Et elle se détourna de moi brusquement. C’est en vain que je cherchais à me tranquilliser : comme cousu dans le sac noir d’un cauchemar infrangible, je luttais de toutes mes forces pour trouver une explication et pour sortir de la confusion mystérieuse de ces sentiments contradictoires.

 

Quatre mois s’étaient passés de la sorte, en semaines d’exaltation et de transformation des plus inouïes. Le semestre courait vers sa fin. Je voyais avec terreur s’approcher les vacances, car j’aimais mon purgatoire, et l’atmosphère anti-intellectuelle et terne de la vie de famille dans mon pays me menaçait comme un exil et une spoliation. Déjà je ruminais des plans secrets pour faire accroire à mes parents qu’un travail important me retenait ici ; déjà je tressais adroitement un réseau de mensonges et d’échappatoires pour prolonger la durée de cette présence dévoratrice. Mais le temps et l’heure de mon départ étaient depuis longtemps fixés par le destin. Et cette heure était suspendue au-dessus de moi invisible, comme le coup de midi est suspendu dans le bronze des cloches, pour retentir ensuite à l’improviste et rappeler gravement le temps du travail ou de la séparation aux insouciants.

Comme ce soir fatal commença bien, avec quelle perfide beauté ! J’avais dîné avec eux deux ; les fenêtres étaient ouvertes, et dans leur cadre obscurci le ciel crépusculaire entrait peu à peu, lentement, avec ses nuées blanches : quelque chose de doux et de clair émanait de leurs reflets flottant majestueusement, et se prolongeait au loin ; on en ressentait une impression forte et profonde.
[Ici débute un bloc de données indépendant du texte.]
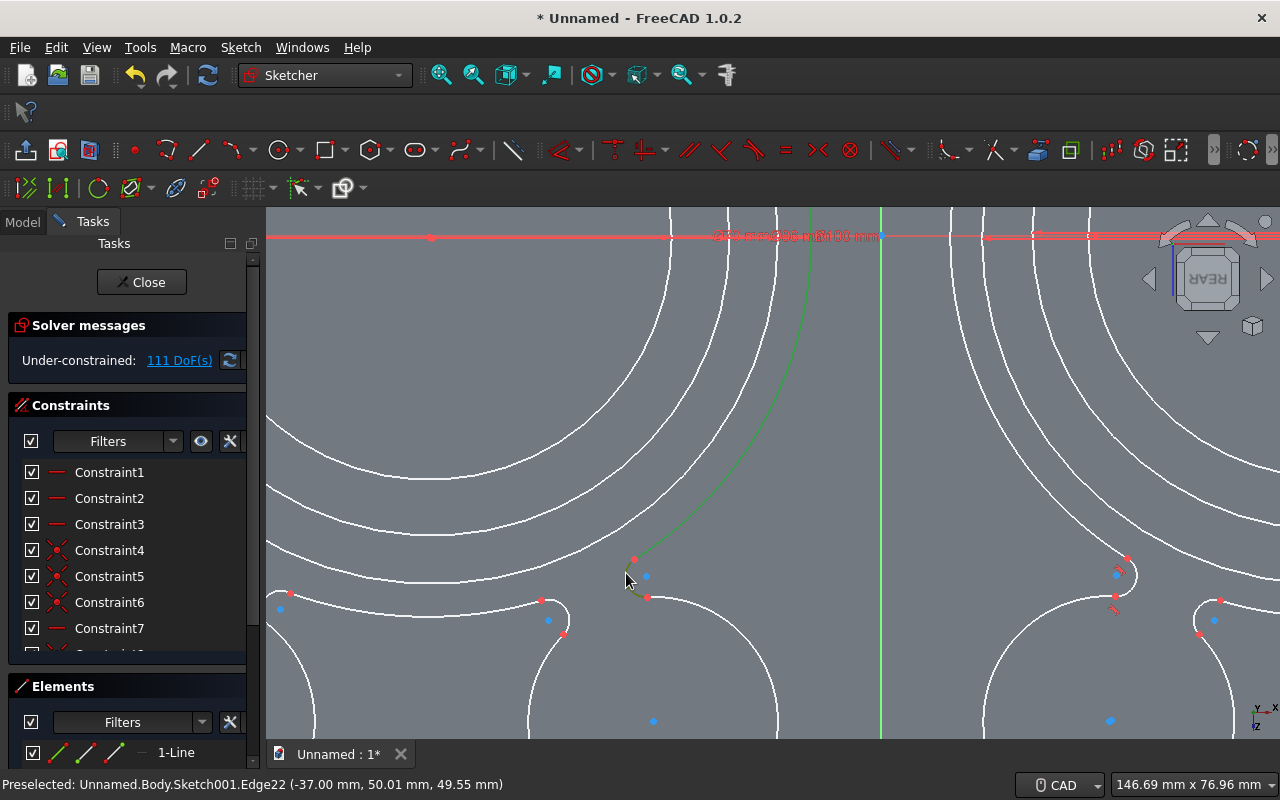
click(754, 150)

Nous avions causé, sa femme et moi, avec plus de désinvolture, de calme et d’animation qu’à l’ordinaire. Mon maître se taisait, tandis que nous parlions ; mais son silence s’étendait comme une aile repliée au-dessus de notre entretien. Je le regardais de côté, à la dérobée : il y avait ce jour-là dans son être une singulière clarté, un peu d’agitation aussi, mais sans rien de nerveux – tout comme dans ces nuées de l’été. Parfois il levait son verre de vin et le tenait à contre-jour, prenant plaisir à sa couleur ; et lorsque mon regard joyeux accompagnait ce geste, il souriait légèrement et levait son verre de mon côté comme pour un toast. Rarement j’avais vu son visage aussi clair, ses mouvements aussi tranquilles et harmonieux : il était assis là, presque dans la joie d’une fête, comme s’il eût entendu dans la rue une musique ou qu’il eût prêté l’oreille à un entretien invisible. Ses lèvres, où passaient d’ordinaire sans cesse d’imperceptibles ondes, étaient immobiles et molles comme un fruit pelé, et son front, qu’il tournait maintenant avec lenteur du côté de la fenêtre, baignait dans les reflets de cette douce clarté et me semblait plus beau que jamais.